Весьма ярко иллюстрирует отношение Толкина к технике и «прогрессу» его реакция на мечтания о «космической эре», а затем и на её наступление. «Космическая» научная фантастика всегда раздражала Толкина. В эссе «О волшебных историях» и в «Notion Club Papers» он критикует саму идею «научной» фантастики. Восторг от нынешних и грядущих достижений «прогресса» был ему абсолютно чужд. Он, кроме того, не верил ни в инопланетную жизнь, ни долгое время в возможность космических полётов. По мере того как возможность последних всё больше вырисовывалась, Толкин начинал задумываться о последствиях — и они пугали его. Связь рождающейся космической отрасли с военными проектами тогда была всем вполне очевидна…
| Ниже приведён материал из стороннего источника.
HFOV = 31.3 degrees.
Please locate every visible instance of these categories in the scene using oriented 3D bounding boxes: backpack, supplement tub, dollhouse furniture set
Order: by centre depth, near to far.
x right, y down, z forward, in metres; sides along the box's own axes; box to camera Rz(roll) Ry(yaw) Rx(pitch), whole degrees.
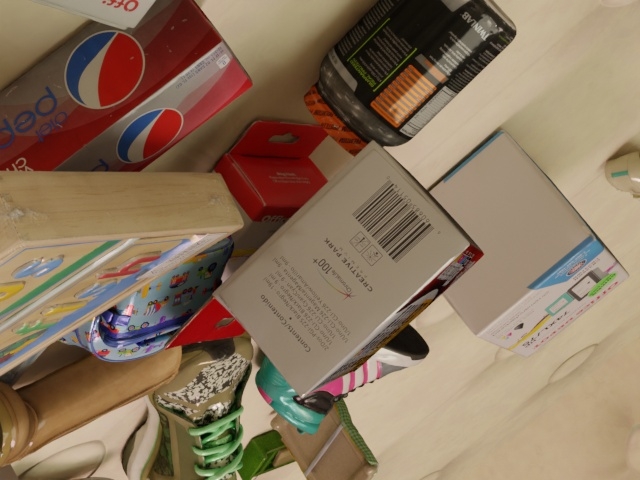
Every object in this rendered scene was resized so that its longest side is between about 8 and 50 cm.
[{"bbox_3d":[0.081,-0.171,1.081,0.190,0.117,0.117,-43,155,16],"label":"supplement tub"},{"bbox_3d":[-0.177,0.048,1.100,0.158,0.117,0.173,-11,133,-45],"label":"backpack"},{"bbox_3d":[0.019,0.341,1.821,0.151,0.197,0.301,-12,147,-40],"label":"dollhouse furniture set"}]

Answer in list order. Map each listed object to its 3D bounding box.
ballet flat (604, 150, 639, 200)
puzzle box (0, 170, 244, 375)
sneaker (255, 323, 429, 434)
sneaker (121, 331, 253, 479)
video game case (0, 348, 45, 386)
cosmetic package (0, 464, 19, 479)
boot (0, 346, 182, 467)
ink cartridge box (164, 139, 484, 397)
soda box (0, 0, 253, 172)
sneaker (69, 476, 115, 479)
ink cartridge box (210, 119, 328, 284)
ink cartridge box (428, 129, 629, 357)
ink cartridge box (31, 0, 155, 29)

К. С. Льюис, кстати, тоже считал космические корабли слишком опасной игрушкой для падшего человечества. Но Толкин возражал против самого присутствия их в «Космической трилогии», считая научно-фантастические приемы наиболее серьезным недостатком понравившихся ему двух первых её романов.
Наряду с массой предубеждений в кавычках и без, связанных с техническим прогрессом, Толкин имел и более странные предрассудки, менее явно вытекающие из его мировоззрения. Одним из таких предрассудков была гипертрофированная (и гипертрофируемая им сознательно) даже для патриота Англии галлофобия. Толкин публично и вызывающе не принимал ничего французского — от кухни до литературы. Даже средневековые французские эпические поэмы и рыцарские романы вызывали его осуждение, а влияние французской культуры на английскую он считал катастрофическим. Именно французская «фейная сказка» была виновна, по его мнению, в искажении древнего германского образа эльфов. Именно ей обязаны были своим происхождением «ненавистные» миниатюрные фейри с крылышками, «крошечные эльфики». А ведь они едва не заполонили его собственное творчество, пока он не вымарал их из своей Феерии в пользу эпических витязей!
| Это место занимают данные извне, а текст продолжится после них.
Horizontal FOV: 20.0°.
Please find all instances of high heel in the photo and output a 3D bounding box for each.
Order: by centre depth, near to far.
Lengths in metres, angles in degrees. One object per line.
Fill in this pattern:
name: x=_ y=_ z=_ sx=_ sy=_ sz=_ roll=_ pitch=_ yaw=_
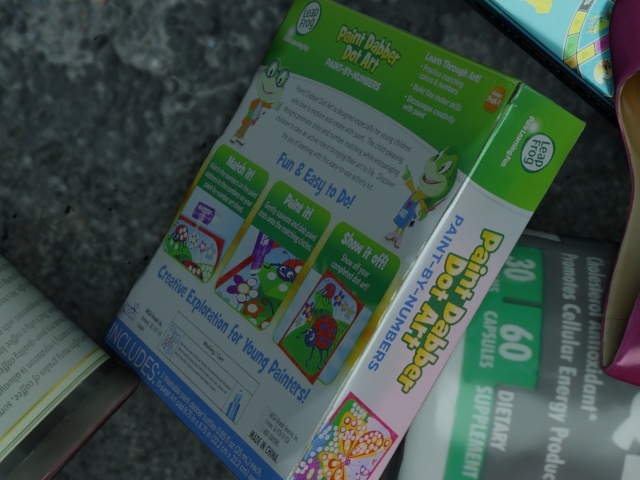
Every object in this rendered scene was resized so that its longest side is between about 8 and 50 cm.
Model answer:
high heel: x=0.167 y=-0.033 z=0.947 sx=0.117 sy=0.082 sz=0.244 roll=-2 pitch=65 yaw=-23

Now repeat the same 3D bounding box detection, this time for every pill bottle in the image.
pill bottle: x=0.220 y=0.110 z=1.024 sx=0.361 sy=0.204 sz=0.204 roll=8 pitch=94 yaw=-2

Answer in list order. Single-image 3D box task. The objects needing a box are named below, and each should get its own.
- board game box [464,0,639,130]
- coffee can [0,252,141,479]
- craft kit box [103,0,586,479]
board game box: x=0.222 y=-0.194 z=1.064 sx=0.336 sy=0.079 sz=0.254 roll=40 pitch=93 yaw=-4
coffee can: x=-0.266 y=0.056 z=1.000 sx=0.275 sy=0.201 sz=0.201 roll=44 pitch=92 yaw=0
craft kit box: x=0.000 y=0.000 z=0.993 sx=0.061 sy=0.250 sz=0.246 roll=25 pitch=96 yaw=-32

Ещё более странным было проявлявшееся ещё в годы «Забытых сказаний» предубеждение против кельтской эпической традиции и кельтской культуры в целом. Она, по мнению Толкина, тоже «портила» английскую или, вернее, замещала её собой. Этим-то неприязнь и объяснялась на самом деле — очень странная, крайне странная, повторим, неприязнь, поскольку Толкин блестяще знал всю кельтскую литературу, изучал её, любил кельтские языки и самих кельтов. Скорее это была не неприязнь, а ревность. Валлийцы и особенно ирландцы сохранили свою культуру и сам свой язык гораздо лучше, чем англичане. Не нужно было создавать «мифологию для Ирландии» — ирландцы знали свою мифологию и даже христианизировали её, существенно при этом не исказив древних мифов, уже в Средневековье. Не нужно было создавать и «мифологию для Уэльса» — изрядная часть этой мифологии, пусть и в «романизированном» благодаря тлетворному французскому влиянию виде, вошла в плоть английской культуры. Короля Артура англичане знали лучше, чем Беовульфа! Толкину это было обидно…
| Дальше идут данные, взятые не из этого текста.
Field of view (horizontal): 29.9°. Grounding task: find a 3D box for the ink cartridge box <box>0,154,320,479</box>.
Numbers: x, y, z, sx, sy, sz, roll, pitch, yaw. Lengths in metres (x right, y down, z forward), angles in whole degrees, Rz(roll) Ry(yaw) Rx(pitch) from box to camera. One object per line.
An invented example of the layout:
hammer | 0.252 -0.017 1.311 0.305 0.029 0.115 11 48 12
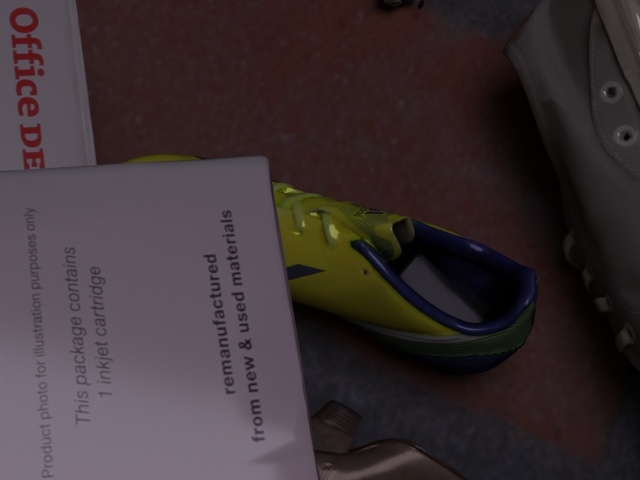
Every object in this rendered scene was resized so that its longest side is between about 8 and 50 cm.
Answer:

И друзья, и случайные знакомые не раз отмечали своеобразие толкиновского юмора — как на страницах его книг, так и в жизни. Толкин шутил охотно, со вкусом, не всегда исключительно по-доброму. «Он мог посмеяться над кем угодно, — пишет Карпентер, — но чаще всего смеялся над собой. Один раз на новогодней вечеринке в тридцатые годы Толкин накрылся каминным ковриком из исландской овчины, вымазал лицо белой краской и изображал белого медведя. В другой раз он оделся англосаксонским воином, вооружился боевым топором и вышел погоняться за ошарашенным соседом. В старости он любил подсовывать рассеянным продавцам вместе с горстью мелочи свою вставную челюсть. «Юмор у меня простоватый, — писал он, — и даже самые доброжелательные критики находят его утомительным».
Что же, «странный человек». Он мог бы быть просто городским чудаком, «рассеянным профессором», человеком «не от мира сего», карикатурным консерватором. Он, может быть, и был всем этим, и в порывах самоироничного смирения не стеснялся кое в чем из этого признаваться. Но прежде всего — он был Джон Рональд Руэл Толкин. Автор «Хоббита» и «Властелина Колец», создатель величайшей авторской мифологии XX в., один из лучших профессоров Оксфорда и «настоящий филолог». Это многое меняет, наверное. И на многое даёт право. Хотя бы потому, что, не будь его «странностей», не нашёл бы, скорее всего, столь великолепного воплощения и его дар.